Stary Budrys trzech smyków Tęgich elektroników Na dziedziniec przyzywa i plecie: - Przygotujcie Toyoty Albo insze gabloty. Zaopatrzcie się też w ecie-pecie! Niepotrzebne już wizy, Możecie jechać do Pizy, Berlin, Paryż to dziś duperela! Zakupicie tam śliczny osprzęt elektroniczny, Wzbogacimy się na nim po tela!
Na te słowa synowie To się drapią po głowie, To po sobie rzucają wzrok chmurny, Wreszcie mruknął najmłodszy: Tatko plecie trzy po trzy, Tatko bardziej pijany, czy durny?

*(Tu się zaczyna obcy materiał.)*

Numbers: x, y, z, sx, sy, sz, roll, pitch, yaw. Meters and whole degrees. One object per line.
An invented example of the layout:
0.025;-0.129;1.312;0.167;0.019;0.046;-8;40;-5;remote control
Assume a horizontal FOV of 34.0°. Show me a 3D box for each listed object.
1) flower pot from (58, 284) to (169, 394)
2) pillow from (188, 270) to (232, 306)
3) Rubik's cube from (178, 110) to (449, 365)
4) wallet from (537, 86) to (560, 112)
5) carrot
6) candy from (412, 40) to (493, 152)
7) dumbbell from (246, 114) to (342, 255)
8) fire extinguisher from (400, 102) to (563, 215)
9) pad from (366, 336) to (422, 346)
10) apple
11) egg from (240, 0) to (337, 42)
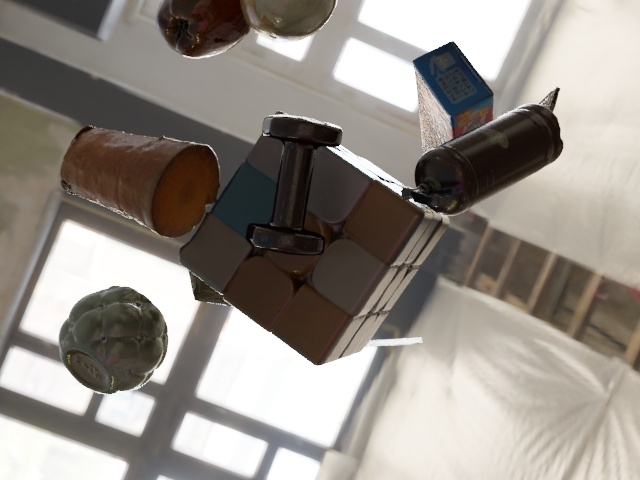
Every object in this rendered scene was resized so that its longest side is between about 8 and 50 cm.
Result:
-0.466;0.228;2.358;0.195;0.246;0.246;-50;174;-40;flower pot
-0.230;0.096;2.428;0.053;0.208;0.119;-25;-116;34;pillow
0.000;0.000;2.012;0.347;0.344;0.346;-55;168;9;Rubik's cube
0.432;-0.232;2.196;0.196;0.020;0.103;-49;-165;47;wallet
-0.341;-0.130;1.952;0.196;0.254;0.196;-44;146;-40;carrot
0.267;-0.236;2.086;0.157;0.100;0.306;60;-6;28;candy
-0.044;-0.090;1.717;0.140;0.124;0.225;-153;-108;-74;dumbbell
0.259;-0.122;1.697;0.337;0.114;0.135;-27;-164;-35;fire extinguisher
0.192;0.269;2.775;0.232;0.157;0.004;18;68;-85;pad
-0.257;-0.527;2.382;0.234;0.234;0.234;-158;-90;-83;apple
-0.070;-0.512;2.184;0.201;0.201;0.244;-70;-164;-12;egg
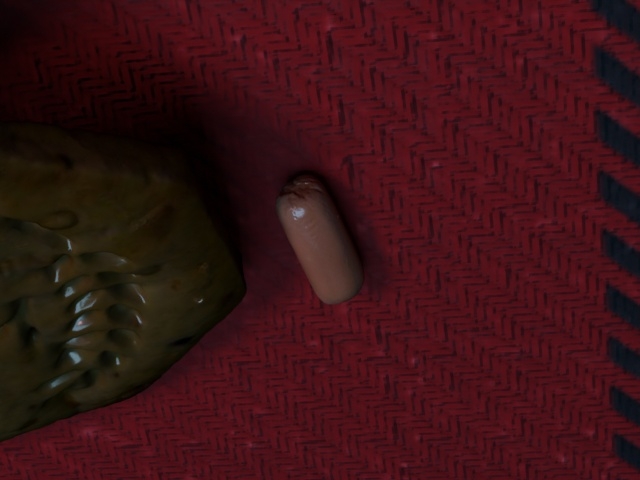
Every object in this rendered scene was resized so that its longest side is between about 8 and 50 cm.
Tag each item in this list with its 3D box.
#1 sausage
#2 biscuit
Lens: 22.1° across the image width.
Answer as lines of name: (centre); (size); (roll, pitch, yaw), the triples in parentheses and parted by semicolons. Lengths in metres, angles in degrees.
sausage: (0.000, 0.000, 0.954); (0.034, 0.034, 0.083); (-13, 125, 18)
biscuit: (-0.213, 0.045, 0.910); (0.359, 0.046, 0.359); (-14, 153, -7)
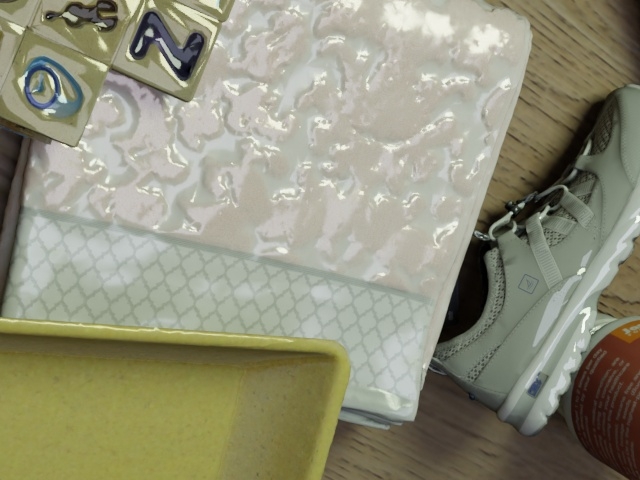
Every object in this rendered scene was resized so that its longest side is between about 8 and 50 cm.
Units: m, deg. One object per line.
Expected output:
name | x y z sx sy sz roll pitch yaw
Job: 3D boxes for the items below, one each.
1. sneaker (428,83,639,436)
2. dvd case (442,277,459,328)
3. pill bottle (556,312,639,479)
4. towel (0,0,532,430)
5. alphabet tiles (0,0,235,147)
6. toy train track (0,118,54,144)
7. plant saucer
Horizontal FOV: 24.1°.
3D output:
sneaker | 0.171 -0.002 1.118 0.115 0.105 0.281 25 76 6
dvd case | 0.000 0.000 1.094 0.221 0.018 0.165 -8 106 -21
pill bottle | 0.259 0.126 1.128 0.121 0.216 0.121 -6 106 -23
towel | -0.039 -0.047 1.026 0.331 0.053 0.317 14 94 -22
alphabet tiles | -0.200 -0.230 0.913 0.342 0.011 0.285 23 85 -19
toy train track | -0.201 -0.078 0.961 0.014 0.083 0.048 6 104 -61
plant saucer | -0.177 0.191 0.954 0.332 0.081 0.333 6 108 -29
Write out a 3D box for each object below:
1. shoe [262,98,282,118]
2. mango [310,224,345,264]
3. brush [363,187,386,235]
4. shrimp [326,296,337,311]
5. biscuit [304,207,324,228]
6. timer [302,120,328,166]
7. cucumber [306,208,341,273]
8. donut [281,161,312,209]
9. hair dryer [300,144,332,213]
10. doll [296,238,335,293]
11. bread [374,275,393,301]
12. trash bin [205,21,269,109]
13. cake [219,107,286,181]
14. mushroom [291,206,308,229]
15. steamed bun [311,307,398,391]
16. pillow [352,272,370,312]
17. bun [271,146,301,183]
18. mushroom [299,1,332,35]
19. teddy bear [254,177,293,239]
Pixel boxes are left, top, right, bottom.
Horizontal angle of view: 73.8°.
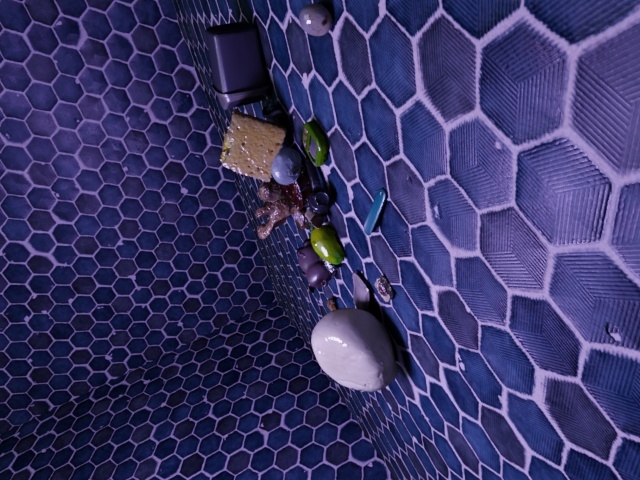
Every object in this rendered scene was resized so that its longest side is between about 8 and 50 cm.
[{"bbox_3d":[-0.198,-0.527,1.697,0.143,0.063,0.071,-143,38,-61],"label":"shoe"},{"bbox_3d":[0.026,0.022,1.715,0.178,0.100,0.119,54,160,13],"label":"mango"},{"bbox_3d":[0.165,-0.082,1.239,0.043,0.032,0.193,62,153,29],"label":"brush"},{"bbox_3d":[0.062,0.329,2.175,0.091,0.043,0.184,49,165,26],"label":"shrimp"},{"bbox_3d":[-0.026,-0.092,1.717,0.056,0.052,0.188,33,-175,-13],"label":"biscuit"},{"bbox_3d":[-0.017,-0.324,1.433,0.128,0.047,0.140,62,164,19],"label":"timer"},{"bbox_3d":[0.000,0.000,1.830,0.294,0.067,0.067,64,165,7],"label":"cucumber"},{"bbox_3d":[-0.105,-0.247,1.757,0.235,0.089,0.235,56,163,28],"label":"donut"},{"bbox_3d":[-0.024,-0.231,1.599,0.235,0.091,0.272,175,83,-84],"label":"hair dryer"},{"bbox_3d":[-0.025,0.114,1.949,0.182,0.117,0.257,-53,52,24],"label":"doll"},{"bbox_3d":[0.213,0.163,1.428,0.083,0.035,0.070,57,164,18],"label":"bread"},{"bbox_3d":[-0.318,-0.662,1.632,0.182,0.209,0.291,51,154,45],"label":"trash bin"},{"bbox_3d":[-0.277,-0.393,1.714,0.286,0.227,0.223,-115,44,-66],"label":"cake"},{"bbox_3d":[-0.090,-0.111,1.984,0.123,0.052,0.123,47,154,31],"label":"mushroom"},{"bbox_3d":[0.139,0.392,1.633,0.333,0.233,0.312,9,128,33],"label":"steamed bun"},{"bbox_3d":[0.161,0.223,1.681,0.131,0.038,0.233,56,162,38],"label":"pillow"},{"bbox_3d":[-0.114,-0.271,1.564,0.083,0.141,0.141,17,140,24],"label":"bun"},{"bbox_3d":[-0.009,-0.550,1.043,0.085,0.085,0.079,147,139,-74],"label":"mushroom"},{"bbox_3d":[-0.254,-0.172,2.118,0.222,0.246,0.296,48,135,-4],"label":"teddy bear"}]
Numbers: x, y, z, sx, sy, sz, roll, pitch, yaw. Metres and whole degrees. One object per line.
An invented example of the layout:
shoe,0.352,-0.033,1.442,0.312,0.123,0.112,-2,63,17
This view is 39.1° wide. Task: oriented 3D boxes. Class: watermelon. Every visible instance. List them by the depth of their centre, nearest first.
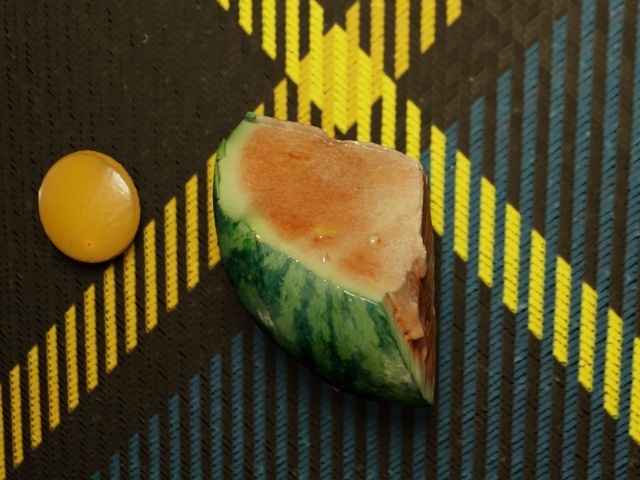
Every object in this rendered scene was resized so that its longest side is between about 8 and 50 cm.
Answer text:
watermelon,-0.009,0.020,0.981,0.292,0.222,0.319,8,93,15

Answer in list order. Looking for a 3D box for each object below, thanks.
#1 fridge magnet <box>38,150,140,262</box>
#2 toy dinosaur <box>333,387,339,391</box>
fridge magnet,-0.290,-0.042,1.139,0.143,0.063,0.143,2,98,16
toy dinosaur,0.081,0.122,1.077,0.058,0.037,0.180,38,98,8
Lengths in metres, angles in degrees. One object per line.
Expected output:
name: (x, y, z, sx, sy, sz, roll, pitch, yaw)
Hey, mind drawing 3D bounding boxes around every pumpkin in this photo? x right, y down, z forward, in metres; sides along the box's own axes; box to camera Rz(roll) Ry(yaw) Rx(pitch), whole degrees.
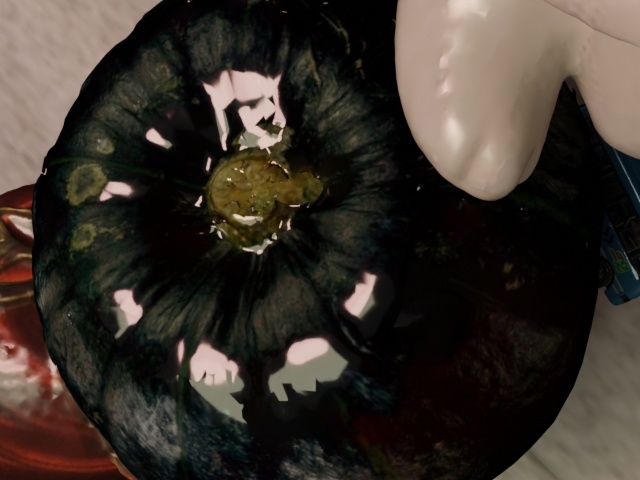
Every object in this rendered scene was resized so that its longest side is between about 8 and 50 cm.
pumpkin: (0.000, 0.000, 0.775, 0.233, 0.163, 0.233, -5, 72, 17)

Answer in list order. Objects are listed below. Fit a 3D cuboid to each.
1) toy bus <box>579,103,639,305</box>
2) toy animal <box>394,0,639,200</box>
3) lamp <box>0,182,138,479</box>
toy bus: (0.123, -0.018, 0.828, 0.046, 0.038, 0.083, -26, 90, 32)
toy animal: (0.182, -0.076, 0.604, 0.265, 0.272, 0.206, 37, 123, 53)
lamp: (-0.140, 0.052, 0.947, 0.215, 0.151, 0.223, 48, 125, 17)
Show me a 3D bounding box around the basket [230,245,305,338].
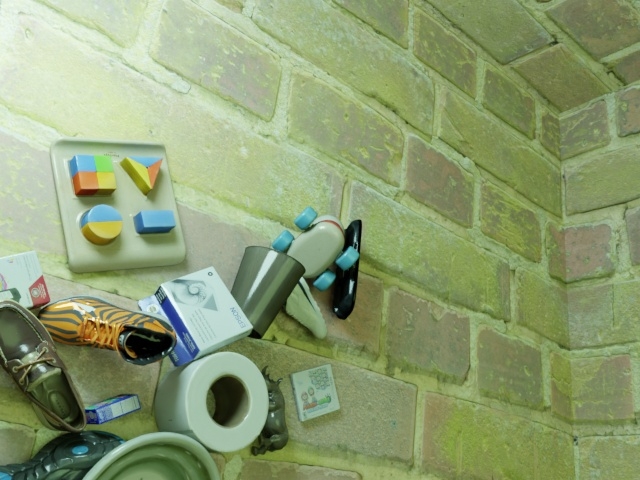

Tatą najpierw tąpnęło, Potem głos mu odjęło, Jakąś do nich wygłosić chciał gadkę, Wreszcie wydał jedyny Okrzyk: - Wy skurwysyny! (Czym obraził nieboszczkę - ich matkę) Syn najstarszy rzekł na to: - Nie denerwuj się tato, Czegóż tato tak bluzga i warczy? Po cóż ganiać po świecie Za tym osprzętem, gdy przecie Na Świdnicką pojechać wystarczy!
Na Świdnickiej w "NOVISIE" Wszystko gra, wszystko lśni się, Radia małe i wielkie jak domy, Mono, kwadro, stereo, hajfi, kuku, video, A nie jakieś szarotki z "Renomy"!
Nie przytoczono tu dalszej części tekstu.